The Portuguese Diaspora in Bengal: Luso-Indians and Bengali Catholics
Posted on : May 5, 2019Author : AGA Admin
Walking down Brabourne Road in Central Calcutta and struggling to keep bearing amidst the rushing porters, vendors, sales persons, and the blinding traffic, one just needs to turn left to enter a different world. It’s the Portuguese Church Street, the pavements mostly dotted with rows of colourful soft toys lined up for sale. Right behind the colour spectrum, stands the Holy Rosary Cathedral—a place she has been occupying since 1799. The Church and the Street much akin to the three Jewish Synagogues located right across the Brabourne Road in
Pollock Street, stand witness to the remarkable multicultural heritage that Calcutta was once synonymous with. The Cathedral belonging to the order of Roman Catholic Archdiocese and constructed through endowments of wealthy Baretto brothers in the mid-18 th century signifies considerable Portuguese presence and interest in the city. Like the Dutch or the British, the Portuguese historically shared a commercial connect with Calcutta though unlike the other
foreign traders, they were the first to receive a permission to trade and carry out missionary activities on the Bengal soil when in 1579 Emperor Akbar granted them the right through an official firman.
They subsequently established their first church in 1599 on the banks of river Hooghly in Bandel which came to be known as Bandel Basilica and were assumed to have carried out forceful conversion of people in the region. The initial converts were mostly Hindus and one of the most prominent converts of the period was the young prince Bhushan of Dacca who was re-christened as Dom Antonio de Rozario. He remains significant in the Portuguese
annals of Bengal for having composed the first treatise on the relationship between Hinduism and Christianity, known as Brāhman Kyāthalik Saṃbād and is also believed to have converted a substantial number of Hindus to Christianity.

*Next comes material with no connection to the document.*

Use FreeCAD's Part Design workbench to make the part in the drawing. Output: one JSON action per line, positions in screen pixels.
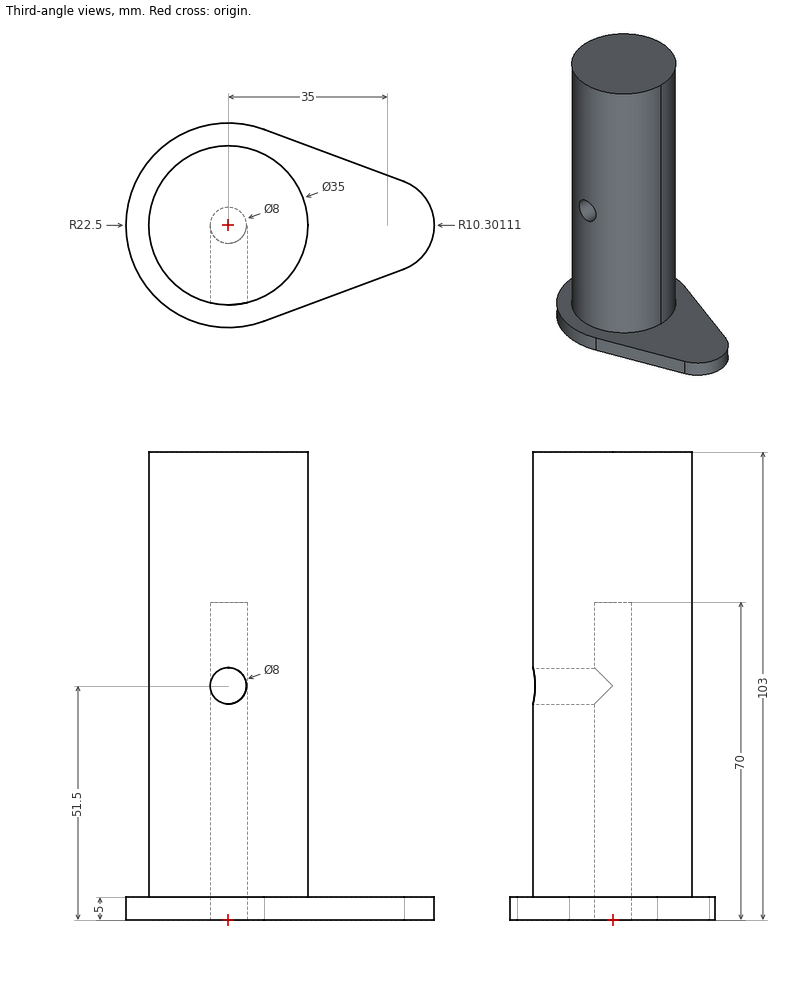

Bandel, a small town of Hooghly district which witnesses an incessant traffic of modern tourists of both Christian and non-Christian persuasions who throng to visit the Bandel Basilica as also taste the unique Bandel Cheese (Johnson & Johnson in New Market beingone of the oldest stockists of this particular delicacy in Calcutta) had emerged as the epicentre of the Catholic Portuguese community of Bengal as early as the 16 th century. The Portuguese following the directives laid down by Albuquerque, the Portuguese governor of India, believed that in order to establish an unassailable bond with their homeland, there was need to convert the local inhabitants, rechristen them with Portuguese names and religion and even enter into marriage alliances with the ‘native’ Indians. Intermarriage was deemed important to establish a local support base and the ability to marry ‘natives’ was once considered to be a matter of great honour as only Portuguese men of high valour could marry Indian women of
respectable families once they embraced Christianity. It cannot be ascertained how extensively this policy was followed in the rest of Bengal, but several marriages between Portuguese and non-Portuguese Indian women did take place in Bandel. Instances of Indians being converted to Christianity by Portuguese missionaries and thus taking Portuguese names as also of Indians receiving economic sponsorships from the Portuguese and adopting
Portuguese names voluntarily, as a mark of respect for their benefactor, were common. Such processes gradually led to the growth of an indigenous Catholic community in Bengal with its nerve centre being Bandel, Hooghly.
By the 18 th century, descendants of the original Portuguese diaspora in Bengal began to enjoy a distinct presence and came to be known as the Portuguese (colloquially ferenghis/topasses). However simultaneously many native Indians who had experienced conversion by the Portuguese missionaries and given Portuguese names were also called Portuguese (colloquially known as kala ferenghis). This gave rise to a state of confusion as it became increasingly difficult to ascertain the actual inheritor of the Portuguese legacy among the “original” Portuguese descendants and those who were of Indian ancestry but also identified themselves as Portuguese. To distinguish, the descendants of the Portuguese came to be called Luso-Indians and others of Indian ancestry henceforth became known as Bengali Catholics.
Their social status and acceptance experienced further changes with the coming of the British to Hooghly and Bengal. With the subsequent development of the Anglo-Indian Community, the Luso-Indians began to be referred as Eurasians and they later lost their separate presence and merged with the Anglo-Indian Community of Bengal. One of the factors responsible for such merger and loss of separate identity of the Luso-Indians was historical. As the
Portuguese lost control over Bandel to the British, there was a steady migration of the Luso-Indians from Bandel to Calcutta, the new political capital of British India. The Luso-Indians eventually became part of the cosmopolitan matrix of contemporary Calcutta thus loosing their unique Portuguese lineage and came to be known merely as Eurasians / Anglo-Indians. One of the Portuguese luminaries of Calcutta was Henry Louis Vivian Derozio—the leading light of ‘Young Bengal’ and a path blazer who was born in modern Entally area of Calcutta in 1809 and his family name was De Rozario.